# ASSIGNED TASK
Repeat word for word the lines from the top of the records through the line containing "Identify the document", and skip the pictures.

# DATA FOR THE TASK
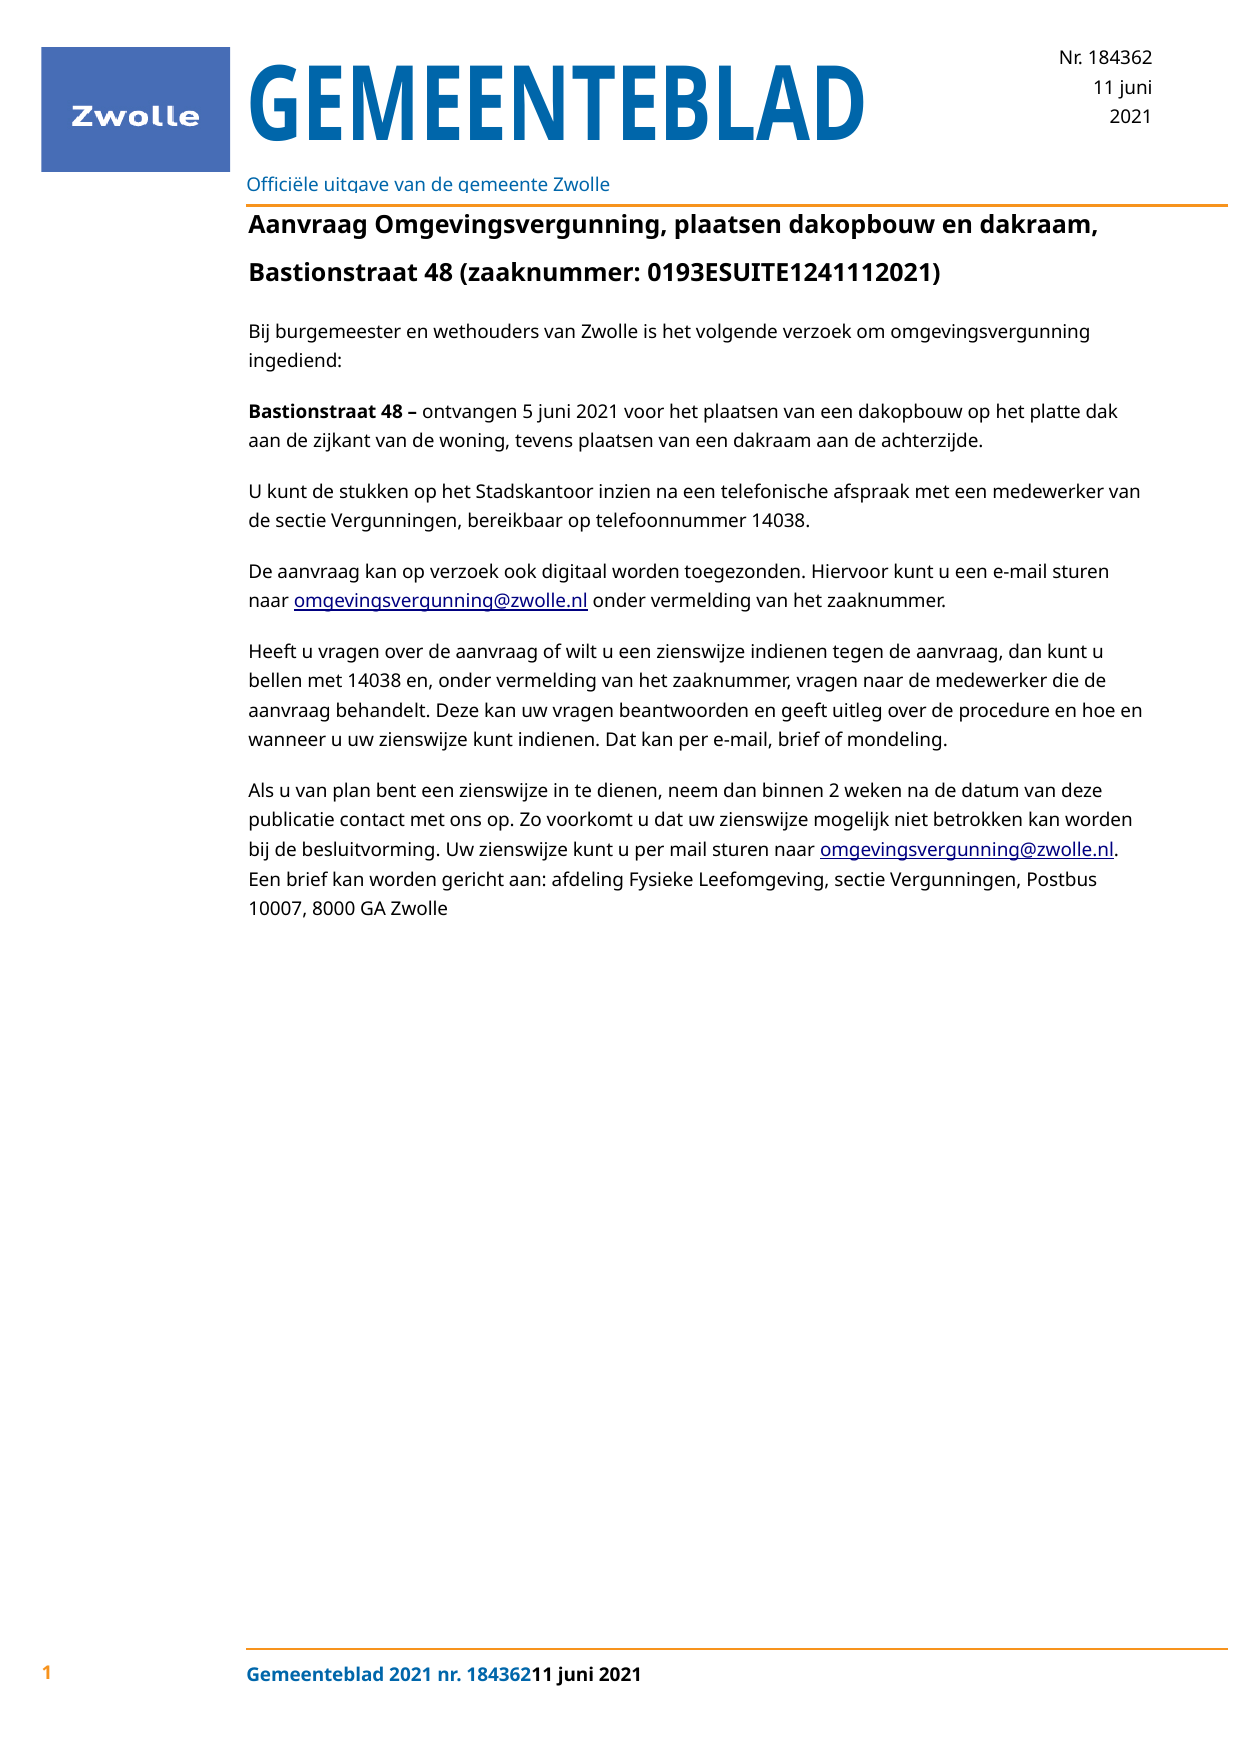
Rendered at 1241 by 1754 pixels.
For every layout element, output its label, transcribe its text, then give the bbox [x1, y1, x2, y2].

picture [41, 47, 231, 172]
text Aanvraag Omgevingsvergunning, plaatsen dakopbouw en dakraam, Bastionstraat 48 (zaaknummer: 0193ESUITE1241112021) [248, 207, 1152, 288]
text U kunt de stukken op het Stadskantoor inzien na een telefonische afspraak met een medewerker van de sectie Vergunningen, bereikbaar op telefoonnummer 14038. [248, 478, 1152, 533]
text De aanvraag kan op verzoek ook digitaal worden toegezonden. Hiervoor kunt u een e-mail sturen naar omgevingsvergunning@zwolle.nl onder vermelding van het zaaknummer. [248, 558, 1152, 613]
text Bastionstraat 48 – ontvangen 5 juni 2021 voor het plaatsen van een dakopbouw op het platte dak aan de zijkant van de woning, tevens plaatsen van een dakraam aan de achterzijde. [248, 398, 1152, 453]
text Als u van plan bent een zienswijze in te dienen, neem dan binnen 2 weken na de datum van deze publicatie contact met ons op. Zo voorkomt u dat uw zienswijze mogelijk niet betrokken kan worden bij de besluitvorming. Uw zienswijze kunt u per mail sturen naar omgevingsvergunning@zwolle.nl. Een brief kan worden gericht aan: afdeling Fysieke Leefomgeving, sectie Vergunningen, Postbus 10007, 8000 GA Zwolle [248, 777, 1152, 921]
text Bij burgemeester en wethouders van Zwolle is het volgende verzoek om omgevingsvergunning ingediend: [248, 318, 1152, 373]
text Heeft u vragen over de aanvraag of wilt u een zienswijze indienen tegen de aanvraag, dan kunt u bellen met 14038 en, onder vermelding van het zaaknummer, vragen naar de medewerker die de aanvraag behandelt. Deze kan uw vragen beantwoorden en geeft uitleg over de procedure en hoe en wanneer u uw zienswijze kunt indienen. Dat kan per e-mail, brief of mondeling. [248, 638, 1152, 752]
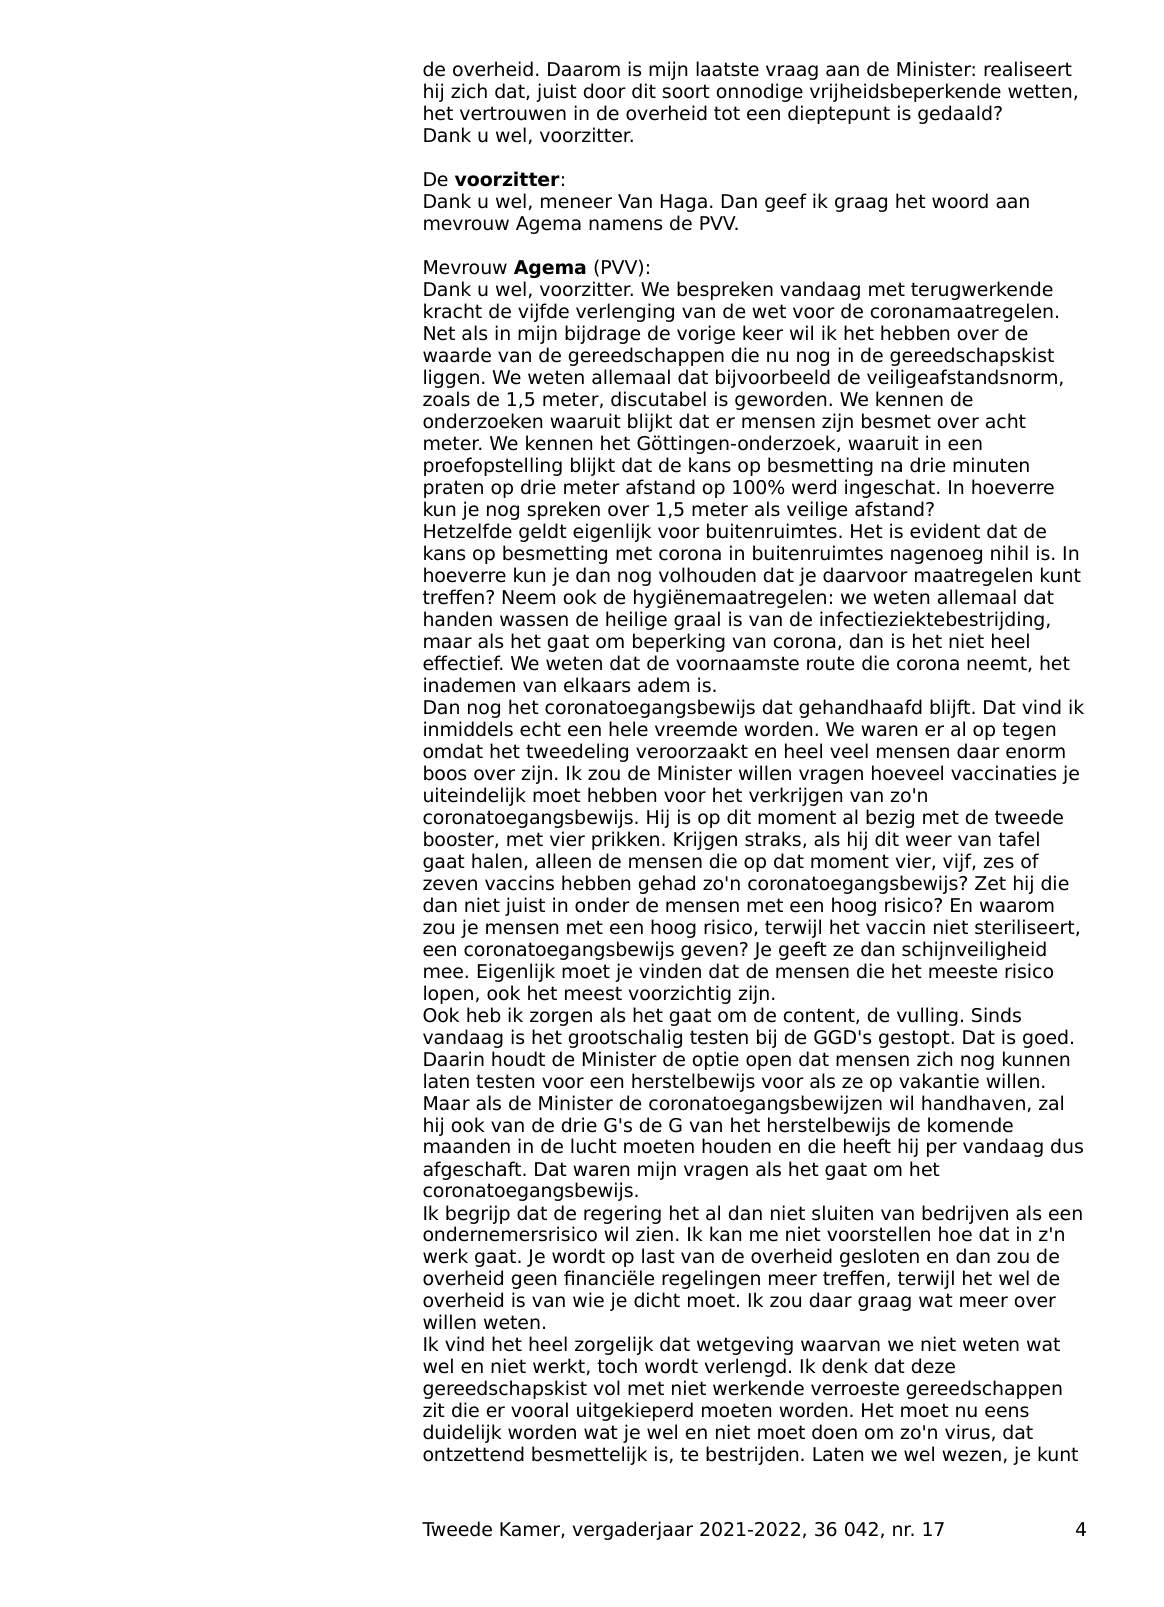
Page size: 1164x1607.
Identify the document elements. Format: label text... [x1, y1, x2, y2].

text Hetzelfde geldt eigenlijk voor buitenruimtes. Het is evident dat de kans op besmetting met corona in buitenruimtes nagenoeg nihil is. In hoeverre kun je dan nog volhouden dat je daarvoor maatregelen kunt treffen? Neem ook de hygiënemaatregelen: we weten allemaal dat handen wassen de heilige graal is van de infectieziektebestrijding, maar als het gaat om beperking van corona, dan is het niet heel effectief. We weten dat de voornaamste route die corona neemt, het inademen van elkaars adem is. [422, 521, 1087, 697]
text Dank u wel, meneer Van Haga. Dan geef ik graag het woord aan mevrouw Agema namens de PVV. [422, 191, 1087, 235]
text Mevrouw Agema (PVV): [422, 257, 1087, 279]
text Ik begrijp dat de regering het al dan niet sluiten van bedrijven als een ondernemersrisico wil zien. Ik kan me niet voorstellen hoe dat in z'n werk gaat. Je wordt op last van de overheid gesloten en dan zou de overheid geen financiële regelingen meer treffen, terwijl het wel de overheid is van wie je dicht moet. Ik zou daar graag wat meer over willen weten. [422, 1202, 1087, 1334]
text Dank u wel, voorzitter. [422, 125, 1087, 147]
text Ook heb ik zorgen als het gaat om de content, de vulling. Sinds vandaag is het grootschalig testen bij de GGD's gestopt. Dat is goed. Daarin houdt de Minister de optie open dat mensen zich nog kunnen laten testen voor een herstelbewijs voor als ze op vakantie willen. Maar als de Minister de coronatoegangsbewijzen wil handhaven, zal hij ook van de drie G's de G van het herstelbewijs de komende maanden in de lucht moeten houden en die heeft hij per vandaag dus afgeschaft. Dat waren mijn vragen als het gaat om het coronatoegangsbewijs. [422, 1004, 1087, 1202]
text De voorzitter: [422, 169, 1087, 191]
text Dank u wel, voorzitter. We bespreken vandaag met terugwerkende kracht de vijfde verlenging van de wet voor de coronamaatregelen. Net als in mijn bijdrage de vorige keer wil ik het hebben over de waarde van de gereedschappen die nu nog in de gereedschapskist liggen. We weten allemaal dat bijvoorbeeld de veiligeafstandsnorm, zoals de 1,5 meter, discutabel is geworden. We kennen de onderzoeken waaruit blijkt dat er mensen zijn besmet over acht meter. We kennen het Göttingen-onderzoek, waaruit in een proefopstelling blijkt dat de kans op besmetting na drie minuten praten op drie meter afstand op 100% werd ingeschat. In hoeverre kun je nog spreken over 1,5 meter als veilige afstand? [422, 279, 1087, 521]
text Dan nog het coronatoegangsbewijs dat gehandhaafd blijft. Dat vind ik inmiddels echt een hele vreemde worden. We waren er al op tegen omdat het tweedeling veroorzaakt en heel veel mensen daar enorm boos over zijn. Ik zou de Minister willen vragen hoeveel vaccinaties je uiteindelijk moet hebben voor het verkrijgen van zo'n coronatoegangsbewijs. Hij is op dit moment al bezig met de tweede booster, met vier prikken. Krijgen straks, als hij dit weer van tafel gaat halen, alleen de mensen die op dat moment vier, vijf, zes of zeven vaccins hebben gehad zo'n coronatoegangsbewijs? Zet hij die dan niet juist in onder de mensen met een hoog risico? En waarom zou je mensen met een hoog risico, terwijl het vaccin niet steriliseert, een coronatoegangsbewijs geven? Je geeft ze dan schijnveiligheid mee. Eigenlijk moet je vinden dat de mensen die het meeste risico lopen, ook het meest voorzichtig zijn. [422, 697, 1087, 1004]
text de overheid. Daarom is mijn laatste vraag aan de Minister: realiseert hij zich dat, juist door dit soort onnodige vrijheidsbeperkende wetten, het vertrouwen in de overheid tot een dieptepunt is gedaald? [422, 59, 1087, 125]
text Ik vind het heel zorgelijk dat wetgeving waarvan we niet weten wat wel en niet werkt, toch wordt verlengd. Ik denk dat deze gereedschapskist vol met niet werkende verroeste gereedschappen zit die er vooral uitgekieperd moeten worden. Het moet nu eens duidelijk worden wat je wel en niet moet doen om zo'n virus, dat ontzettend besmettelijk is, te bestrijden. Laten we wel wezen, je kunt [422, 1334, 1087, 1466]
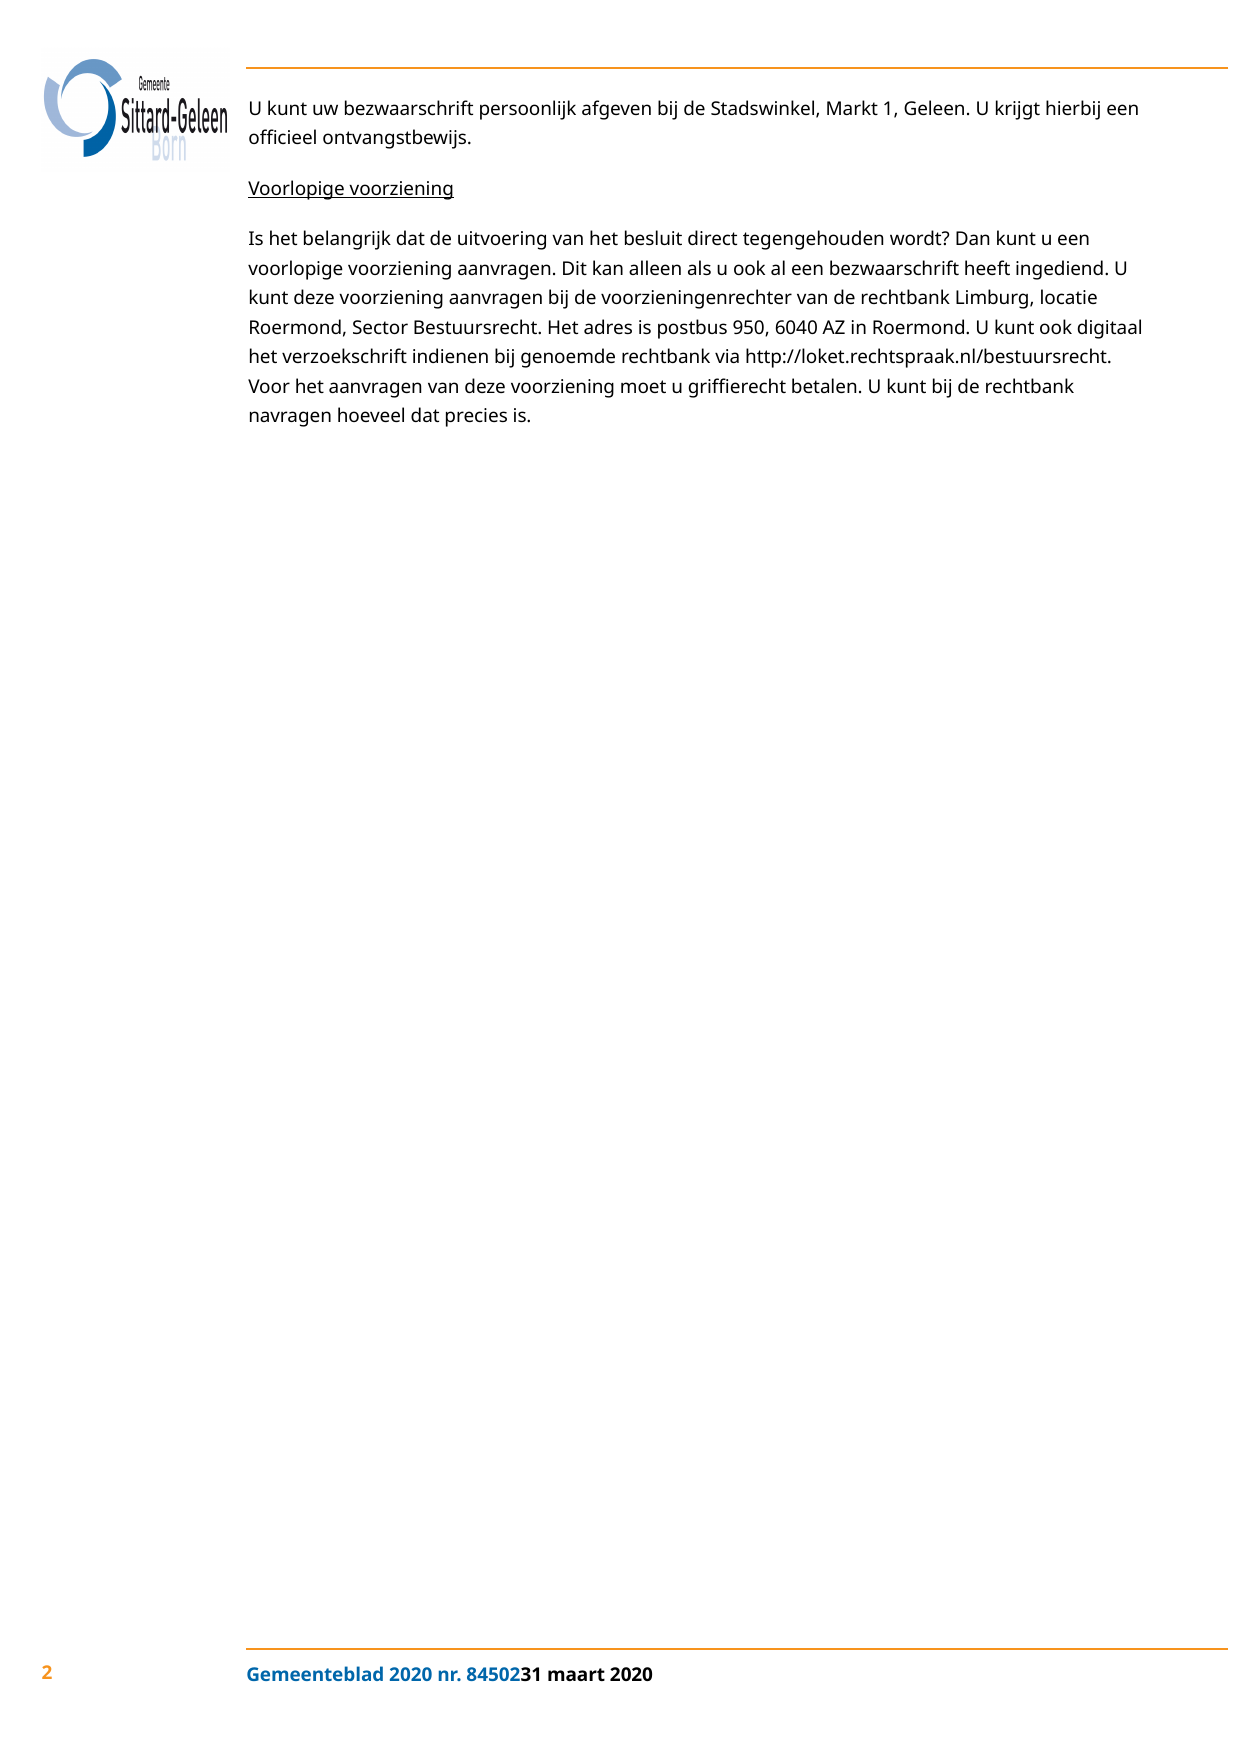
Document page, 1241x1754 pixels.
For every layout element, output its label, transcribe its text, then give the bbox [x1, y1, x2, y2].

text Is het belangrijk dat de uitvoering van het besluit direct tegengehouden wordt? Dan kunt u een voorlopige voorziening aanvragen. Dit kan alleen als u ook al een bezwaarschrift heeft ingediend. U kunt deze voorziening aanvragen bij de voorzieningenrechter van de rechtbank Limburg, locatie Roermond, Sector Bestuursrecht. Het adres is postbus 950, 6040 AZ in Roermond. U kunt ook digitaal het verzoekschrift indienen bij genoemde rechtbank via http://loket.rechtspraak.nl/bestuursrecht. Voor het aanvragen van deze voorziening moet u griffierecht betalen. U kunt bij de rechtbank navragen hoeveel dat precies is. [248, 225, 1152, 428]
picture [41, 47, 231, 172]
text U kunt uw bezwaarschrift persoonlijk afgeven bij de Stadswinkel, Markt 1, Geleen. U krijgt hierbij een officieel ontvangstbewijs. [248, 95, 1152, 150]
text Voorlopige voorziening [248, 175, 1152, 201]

# RESULT OF THIS TASK
Rendered at 1241 by 1754 pixels.
For every layout element, output its label, transcribe its text, then give the bbox [x1, y1, x2, y2].

picture [41, 47, 231, 172]
text Aanvraag Omgevingsvergunning, plaatsen dakopbouw en dakraam, Bastionstraat 48 (zaaknummer: 0193ESUITE1241112021) [248, 207, 1152, 288]
text U kunt de stukken op het Stadskantoor inzien na een telefonische afspraak met een medewerker van de sectie Vergunningen, bereikbaar op telefoonnummer 14038. [248, 478, 1152, 533]
text De aanvraag kan op verzoek ook digitaal worden toegezonden. Hiervoor kunt u een e-mail sturen naar omgevingsvergunning@zwolle.nl onder vermelding van het zaaknummer. [248, 558, 1152, 613]
text Bastionstraat 48 – ontvangen 5 juni 2021 voor het plaatsen van een dakopbouw op het platte dak aan de zijkant van de woning, tevens plaatsen van een dakraam aan de achterzijde. [248, 398, 1152, 453]
text Als u van plan bent een zienswijze in te dienen, neem dan binnen 2 weken na de datum van deze publicatie contact met ons op. Zo voorkomt u dat uw zienswijze mogelijk niet betrokken kan worden bij de besluitvorming. Uw zienswijze kunt u per mail sturen naar omgevingsvergunning@zwolle.nl. Een brief kan worden gericht aan: afdeling Fysieke Leefomgeving, sectie Vergunningen, Postbus 10007, 8000 GA Zwolle [248, 777, 1152, 921]
text Bij burgemeester en wethouders van Zwolle is het volgende verzoek om omgevingsvergunning ingediend: [248, 318, 1152, 373]
text Heeft u vragen over de aanvraag of wilt u een zienswijze indienen tegen de aanvraag, dan kunt u bellen met 14038 en, onder vermelding van het zaaknummer, vragen naar de medewerker die de aanvraag behandelt. Deze kan uw vragen beantwoorden en geeft uitleg over de procedure en hoe en wanneer u uw zienswijze kunt indienen. Dat kan per e-mail, brief of mondeling. [248, 638, 1152, 752]
Page size: 1164x1607.
Identify the document elements. Format: label text... [x1, y1, x2, y2].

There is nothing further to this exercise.